Umid Suleymanov, Ilhama Novruzova, Khalid Mammadov, Natavan Hasanova, Murat Kantarcioglu· July 17, 2026 View original

Summary

This study comprehensively examines how fairness-enhancing algorithms impact privacy leakage, specifically at the subpopulation level, using an adapted Likelihood Ratio Attack (LiRA). It uncovers privacy disparities that aggregate evaluations miss and shows that fairness interventions do not uniformly increase privacy risk, with effects depending on model architecture, subgroup size, and mitigation strategy.

This research provides the first in-depth investigation into the complex interplay between fairness-enhancing algorithms and privacy leakage in machine learning models. While previous work often focused on how privacy techniques affect fairness, this study reverses the perspective, analyzing the privacy implications of fairness interventions. A key contribution is the adaptation of the Likelihood Ratio Attack (LiRA) for subgroup auditing, which allows for the detection of privacy disparities that are obscured by aggregate-level evaluations. The findings reveal that the impact of fairness interventions on privacy risk is not uniform. Instead, it varies significantly based on factors such as the model's architecture, the size of specific subpopulations, and the chosen fairness mitigation strategy. The study also explores how Differential Privacy (DP) interacts with fairness methods, demonstrating that DP's benefits and costs are unevenly distributed across different subpopulations. This highlights the necessity of jointly evaluating fairness, privacy, and utility at a granular, subpopulation level, for which the authors introduce a unified empirical framework.

Why it matters

For professionals deploying AI in sensitive domains, understanding these subpopulation-level trade-offs is crucial for building ethical and compliant systems. It enables more nuanced decision-making to balance fairness, privacy, and utility, avoiding unintended harm to specific user groups.

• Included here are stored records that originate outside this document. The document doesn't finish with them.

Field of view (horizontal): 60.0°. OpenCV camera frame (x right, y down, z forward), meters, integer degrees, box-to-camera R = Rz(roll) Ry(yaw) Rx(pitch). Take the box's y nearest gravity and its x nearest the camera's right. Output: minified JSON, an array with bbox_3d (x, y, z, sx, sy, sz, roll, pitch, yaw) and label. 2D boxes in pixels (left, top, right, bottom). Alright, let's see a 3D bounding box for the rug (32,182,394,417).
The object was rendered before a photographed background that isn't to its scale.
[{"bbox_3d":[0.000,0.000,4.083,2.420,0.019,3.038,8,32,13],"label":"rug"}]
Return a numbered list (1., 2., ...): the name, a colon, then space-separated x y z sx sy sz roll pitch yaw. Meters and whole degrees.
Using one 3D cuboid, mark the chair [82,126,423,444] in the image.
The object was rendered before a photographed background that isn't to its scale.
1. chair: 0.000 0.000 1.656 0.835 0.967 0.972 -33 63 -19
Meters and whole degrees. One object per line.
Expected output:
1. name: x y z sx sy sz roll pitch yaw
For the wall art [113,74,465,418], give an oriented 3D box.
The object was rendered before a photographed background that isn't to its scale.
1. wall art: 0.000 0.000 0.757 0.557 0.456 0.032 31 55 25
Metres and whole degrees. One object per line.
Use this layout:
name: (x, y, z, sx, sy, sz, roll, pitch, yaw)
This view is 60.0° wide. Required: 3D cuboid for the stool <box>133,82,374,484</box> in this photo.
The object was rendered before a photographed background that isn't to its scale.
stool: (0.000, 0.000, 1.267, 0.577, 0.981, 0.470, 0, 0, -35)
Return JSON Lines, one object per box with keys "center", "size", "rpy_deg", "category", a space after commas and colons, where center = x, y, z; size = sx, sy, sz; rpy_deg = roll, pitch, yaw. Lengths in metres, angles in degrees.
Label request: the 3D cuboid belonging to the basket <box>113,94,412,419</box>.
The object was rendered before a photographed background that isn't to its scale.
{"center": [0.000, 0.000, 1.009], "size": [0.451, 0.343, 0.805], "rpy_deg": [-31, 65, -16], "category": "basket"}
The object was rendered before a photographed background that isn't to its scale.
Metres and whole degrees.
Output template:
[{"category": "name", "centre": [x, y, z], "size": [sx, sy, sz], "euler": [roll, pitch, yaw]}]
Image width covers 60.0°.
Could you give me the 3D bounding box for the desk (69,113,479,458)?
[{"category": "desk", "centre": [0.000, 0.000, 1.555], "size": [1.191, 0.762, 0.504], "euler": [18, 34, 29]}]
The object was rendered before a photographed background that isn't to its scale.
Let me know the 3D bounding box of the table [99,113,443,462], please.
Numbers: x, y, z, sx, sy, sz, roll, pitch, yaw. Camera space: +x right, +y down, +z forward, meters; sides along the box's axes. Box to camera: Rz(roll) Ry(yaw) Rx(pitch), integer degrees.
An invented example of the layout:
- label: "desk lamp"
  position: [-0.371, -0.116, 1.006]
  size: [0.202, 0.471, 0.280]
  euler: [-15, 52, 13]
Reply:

How to implement this in your domain

  1. 1Adopt a subpopulation-level auditing framework for evaluating fairness and privacy in your AI models.
  2. 2Integrate tools like adapted Likelihood Ratio Attacks (LiRA) to uncover granular privacy risks.
  3. 3Assess how different fairness-enhancing algorithms impact privacy across various user groups.
  4. 4Jointly evaluate fairness, privacy, and utility metrics at the subpopulation level before deploying models in sensitive applications.

Who benefits

HealthcareFinanceLaw EnforcementSocial MediaGovernment

Key takeaways

  • Fairness-enhancing algorithms can have varied impacts on privacy leakage at the subpopulation level.
  • Aggregate evaluations often obscure critical privacy disparities.
  • The effect on privacy depends on model architecture, subgroup size, and mitigation strategy.
  • Jointly auditing fairness, privacy, and utility at a granular level is essential for ethical AI.

Original post by Umid Suleymanov, Ilhama Novruzova, Khalid Mammadov, Natavan Hasanova, Murat Kantarcioglu

"arXiv:2607.14607v1 Announce Type: new Abstract: Machine learning (ML) models deployed in sensitive domains such as healthcare, law enforcement, and finance must satisfy not only utility requirements but also fairness and privacy guarantees. While prior work has largely examined h…"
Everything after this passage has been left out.